*ACTION ITEM:* For each record that follows, restate the text exactly and drop the pictures.

───── RECORDS FOR THE EXERCISE ─────

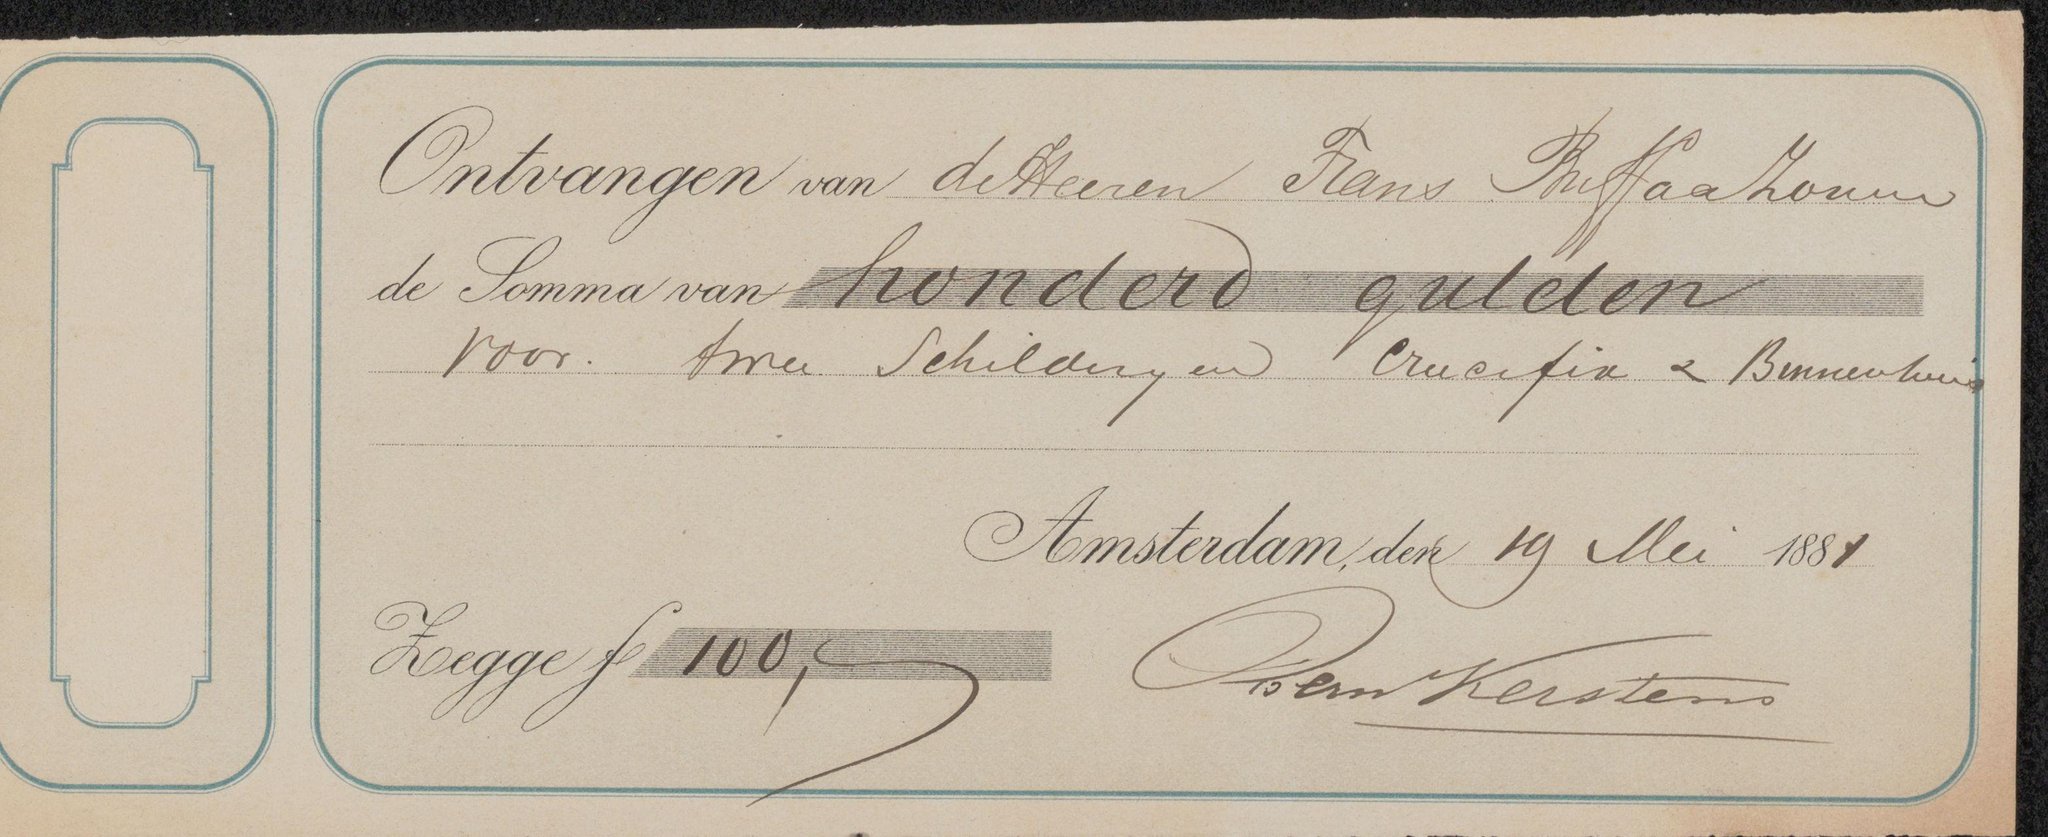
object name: ontvangstbewijs, kwitantie
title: Kwitantie voor onbekend
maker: Anonymous
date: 1881
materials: ink, paper
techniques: pen, printing, writing
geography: amsterdam
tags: painting (including book-illumination, miniature-painting), money
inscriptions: collector's mark: Lugt 2233
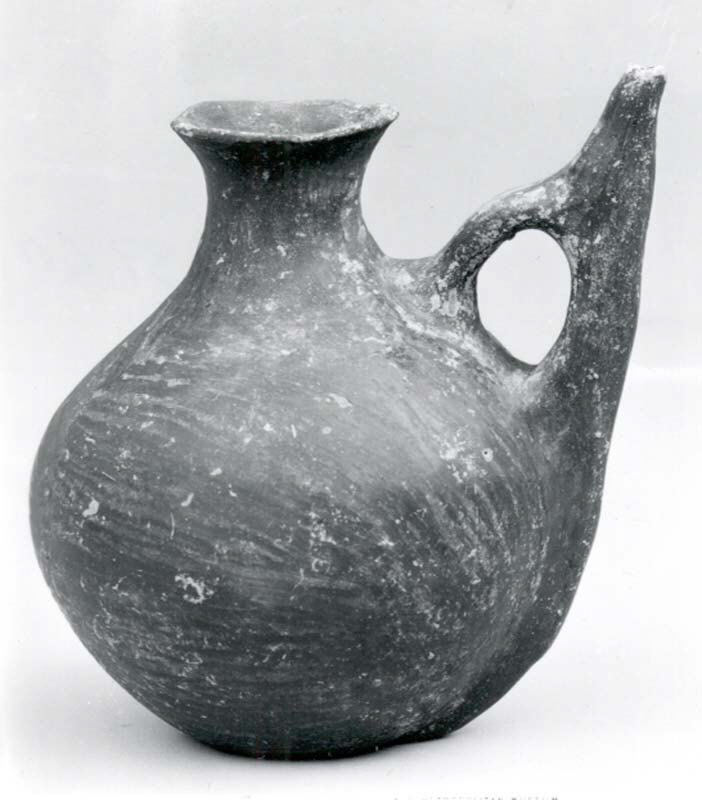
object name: jug
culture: iranian
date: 900-700 BCE
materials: ceramic
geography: iran

─────

*TASK RESPONSE:*
object name: ontvangstbewijs, kwitantie
title: Kwitantie voor onbekend
maker: Anonymous
date: 1881
materials: ink, paper
techniques: pen, printing, writing
geography: amsterdam
tags: painting (including book-illumination, miniature-painting), money
inscriptions: collector's mark: Lugt 2233
object name: jug
culture: iranian
date: 900-700 BCE
materials: ceramic
geography: iran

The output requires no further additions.